The key advantage of a relational database is the ability to relate and index information. Most 'NoSQL' systems don't provide a relational algebra or a great query language.
What you need to ask yourself is, does switching make sense for my intended use case?
You have kind of missed the point. The point is, you sometimes don't have an index (in the way you do with a general relational DB anyways). Even when you do have an index, the ability to relate it together is difficult and what relational databases excel at. NoSQL solutions have a number of novel structure which make many usecases trivially easy, e.g. Redis is a data-structure oriented DB well-suited to rapidly building anything with queues or its pub-sub architecture. MongoDB is a freeform document database which stores documents as JSON (BSON) and excels at rapid development. BigTable solutions are a little less structured than that, but expand the idea of a row to have families of columns — key value pairs contained in each row arranged efficiently on disk. You can build an inverted index on top of this with a technology like ElasticSearch.

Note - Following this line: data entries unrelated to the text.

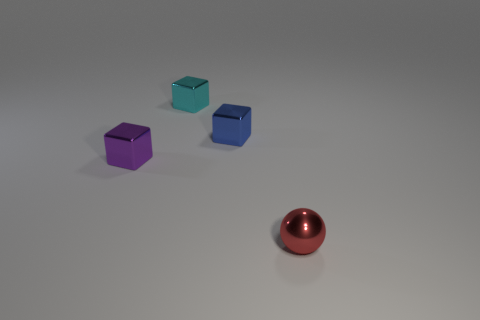Subtract all cyan metal cubes. How many cubes are left? 2 Add 1 tiny brown metallic cylinders. How many objects exist? 5 Subtract all cyan blocks. How many blocks are left? 2 Subtract 2 cubes. How many cubes are left? 1 Subtract all purple cubes. How many brown balls are left? 0 Subtract all large cyan shiny things. Subtract all tiny blue metallic blocks. How many objects are left? 3 Add 3 cyan objects. How many cyan objects are left? 4 Add 1 red spheres. How many red spheres exist? 2 Subtract 1 cyan blocks. How many objects are left? 3 Subtract all spheres. How many objects are left? 3 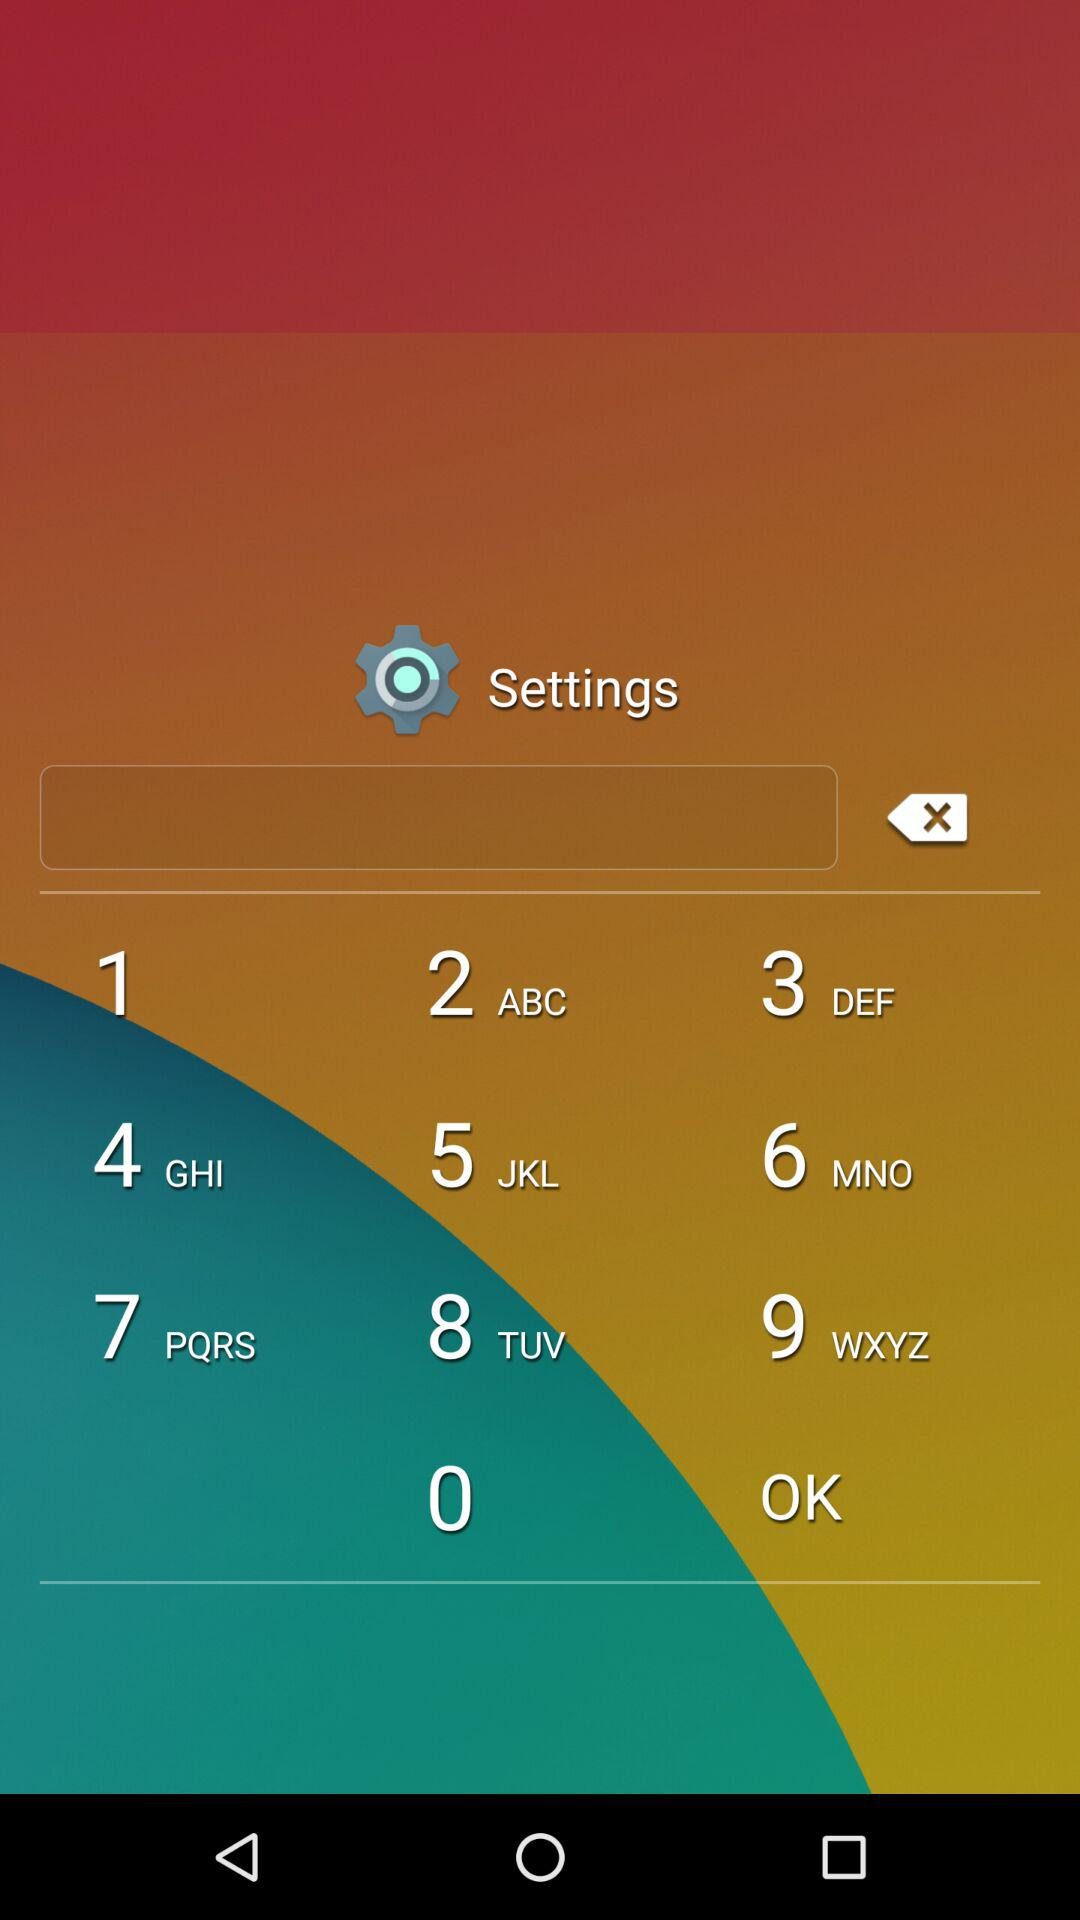How many different subscription plans are there?
Answer the question using a single word or phrase. 2 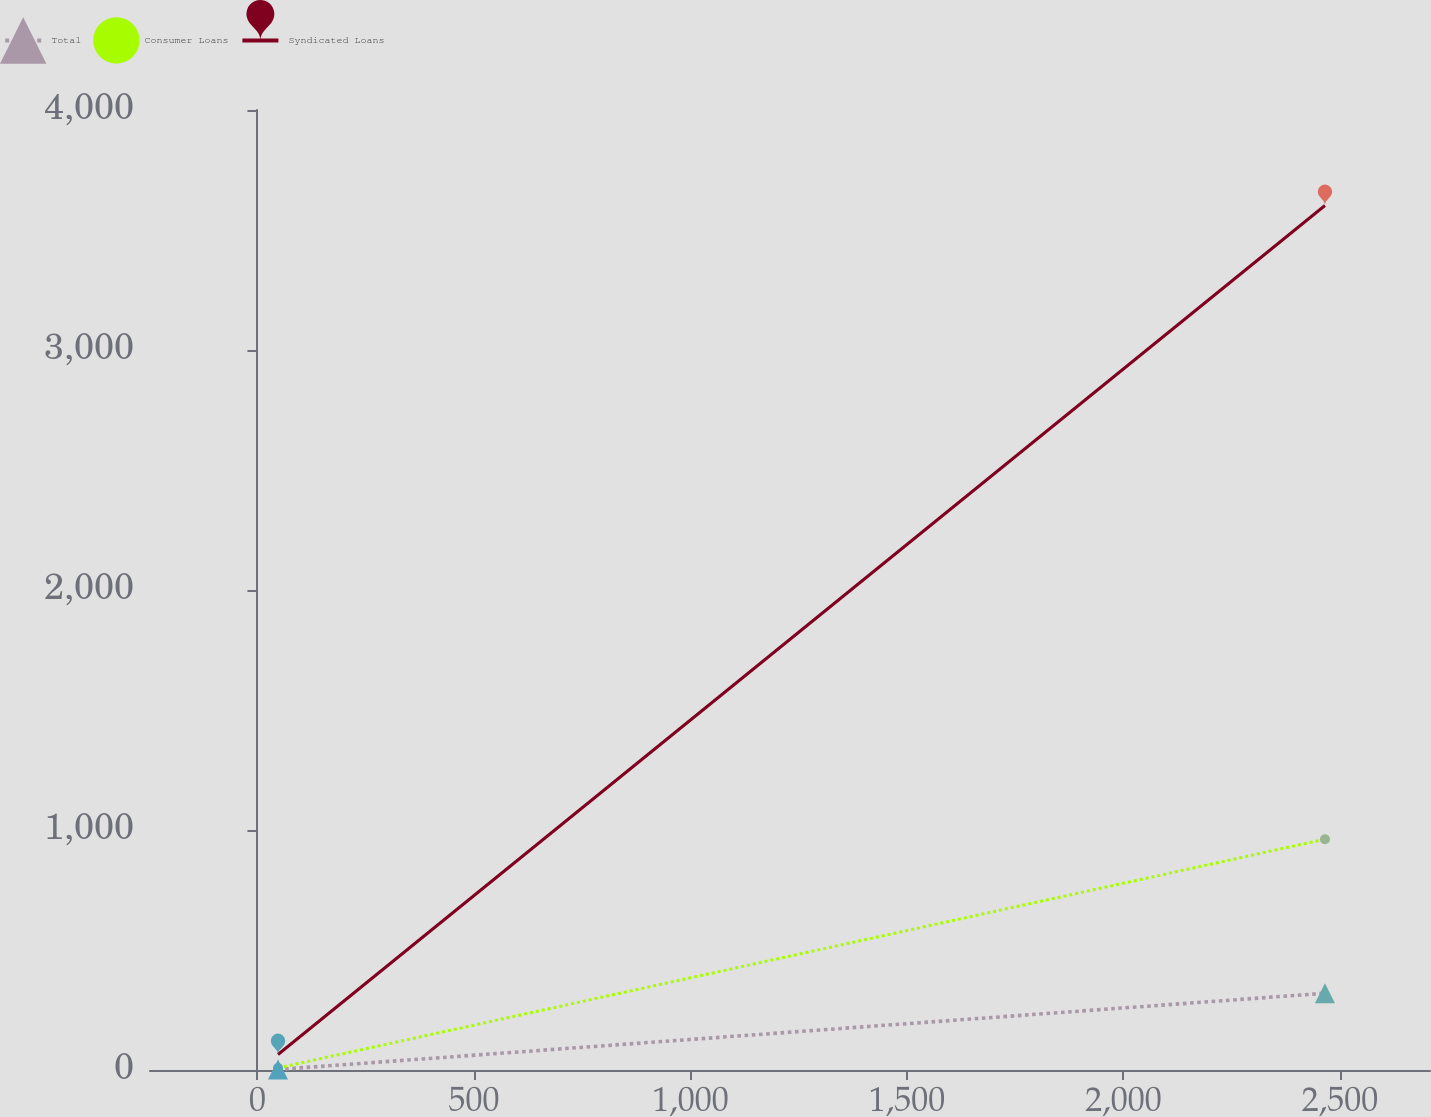Convert chart. <chart><loc_0><loc_0><loc_500><loc_500><line_chart><ecel><fcel>Total<fcel>Consumer Loans<fcel>Syndicated Loans<nl><fcel>47.5<fcel>2.19<fcel>8.64<fcel>64.42<nl><fcel>2465.42<fcel>319.79<fcel>961.57<fcel>3602.19<nl><fcel>3003.61<fcel>290.1<fcel>1117.05<fcel>4107.33<nl></chart> 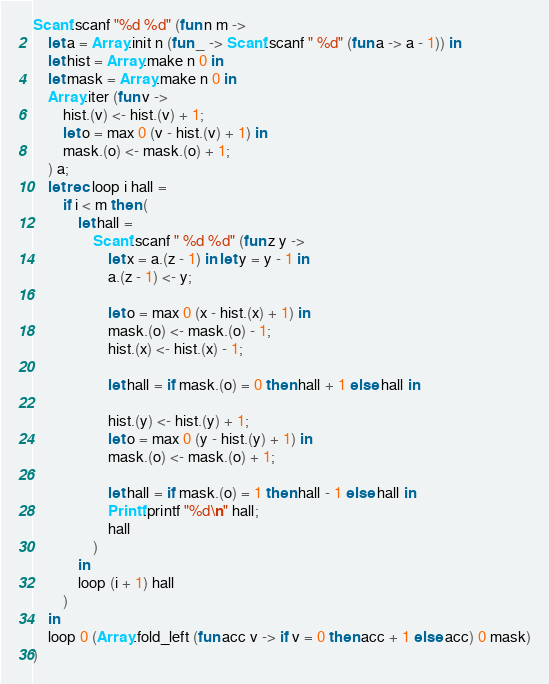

Not everything needs the consistency guarantees or disk layout of a traditional RDBMS. Another major use case of NoSQL is massive scalability, many solutions (e.g. BigTable -- HBase/Cassandra) are designed to shard and scale horizontally easily (not so easy with SQL!). Cassandra in particular is designed for no SPOF. Further, column-oriented datastores are meant to optimize disk speeds via sequential reads (and reduce write-amplification). That being said, unless you really need it, a traditional SQL server is generally good enough.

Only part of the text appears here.